- [EXERCISE DATA]:
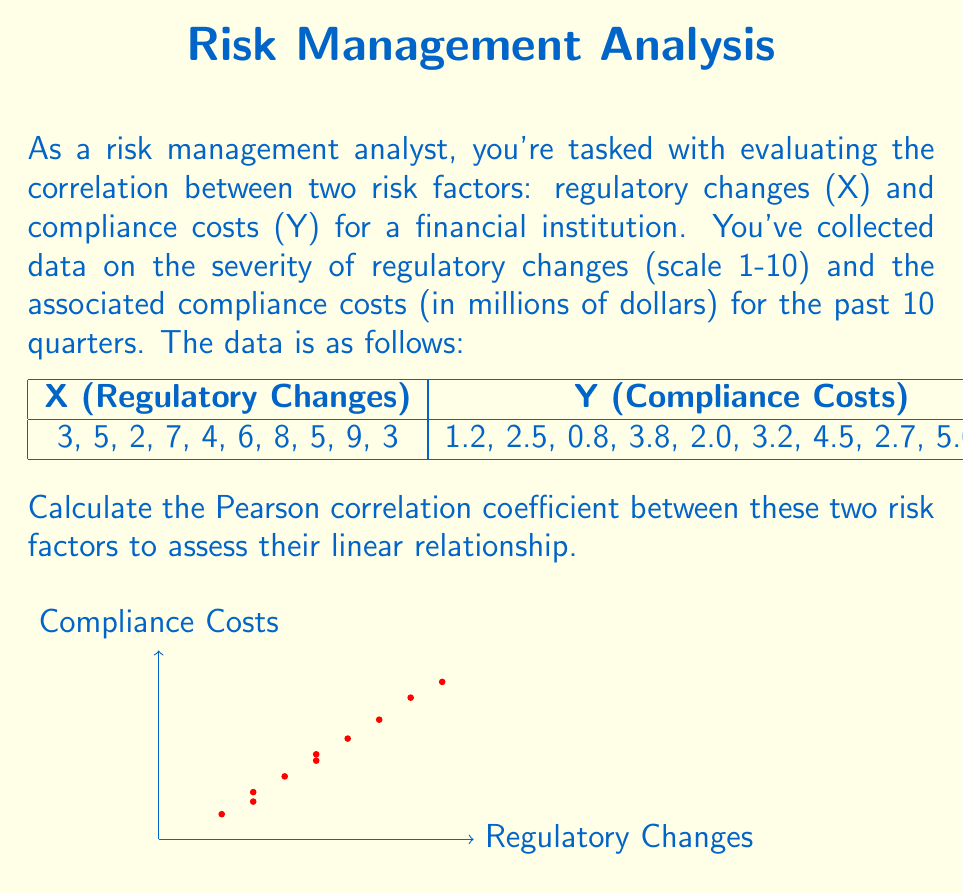Solve this math problem. To calculate the Pearson correlation coefficient (r), we'll use the formula:

$$ r = \frac{\sum_{i=1}^{n} (x_i - \bar{x})(y_i - \bar{y})}{\sqrt{\sum_{i=1}^{n} (x_i - \bar{x})^2 \sum_{i=1}^{n} (y_i - \bar{y})^2}} $$

Where $\bar{x}$ and $\bar{y}$ are the means of X and Y respectively.

Step 1: Calculate the means
$\bar{x} = \frac{3+5+2+7+4+6+8+5+9+3}{10} = 5.2$
$\bar{y} = \frac{1.2+2.5+0.8+3.8+2.0+3.2+4.5+2.7+5.0+1.5}{10} = 2.72$

Step 2: Calculate $(x_i - \bar{x})$, $(y_i - \bar{y})$, $(x_i - \bar{x})^2$, $(y_i - \bar{y})^2$, and $(x_i - \bar{x})(y_i - \bar{y})$ for each pair

Step 3: Sum up the values
$\sum (x_i - \bar{x})(y_i - \bar{y}) = 24.24$
$\sum (x_i - \bar{x})^2 = 52.4$
$\sum (y_i - \bar{y})^2 = 14.1416$

Step 4: Apply the formula
$$ r = \frac{24.24}{\sqrt{52.4 \times 14.1416}} = \frac{24.24}{27.1853} \approx 0.8916 $$
Answer: $r \approx 0.8916$ 
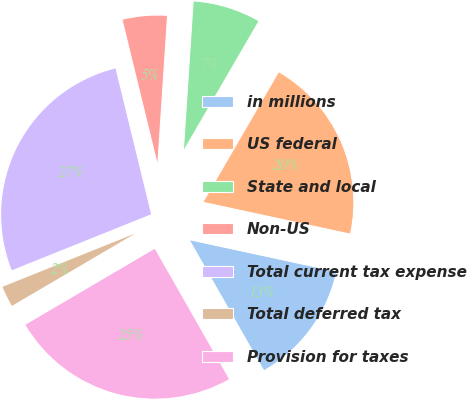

- [PROMPT]:
Without including any picture, set down the listing above exactly as it appears.

- [SOLUTION BELOW]:
Solve this math problem. To calculate the Pearson correlation coefficient (r), we'll use the formula:

$$ r = \frac{\sum_{i=1}^{n} (x_i - \bar{x})(y_i - \bar{y})}{\sqrt{\sum_{i=1}^{n} (x_i - \bar{x})^2 \sum_{i=1}^{n} (y_i - \bar{y})^2}} $$

Where $\bar{x}$ and $\bar{y}$ are the means of X and Y respectively.

Step 1: Calculate the means
$\bar{x} = \frac{3+5+2+7+4+6+8+5+9+3}{10} = 5.2$
$\bar{y} = \frac{1.2+2.5+0.8+3.8+2.0+3.2+4.5+2.7+5.0+1.5}{10} = 2.72$

Step 2: Calculate $(x_i - \bar{x})$, $(y_i - \bar{y})$, $(x_i - \bar{x})^2$, $(y_i - \bar{y})^2$, and $(x_i - \bar{x})(y_i - \bar{y})$ for each pair

Step 3: Sum up the values
$\sum (x_i - \bar{x})(y_i - \bar{y}) = 24.24$
$\sum (x_i - \bar{x})^2 = 52.4$
$\sum (y_i - \bar{y})^2 = 14.1416$

Step 4: Apply the formula
$$ r = \frac{24.24}{\sqrt{52.4 \times 14.1416}} = \frac{24.24}{27.1853} \approx 0.8916 $$
Answer: $r \approx 0.8916$ 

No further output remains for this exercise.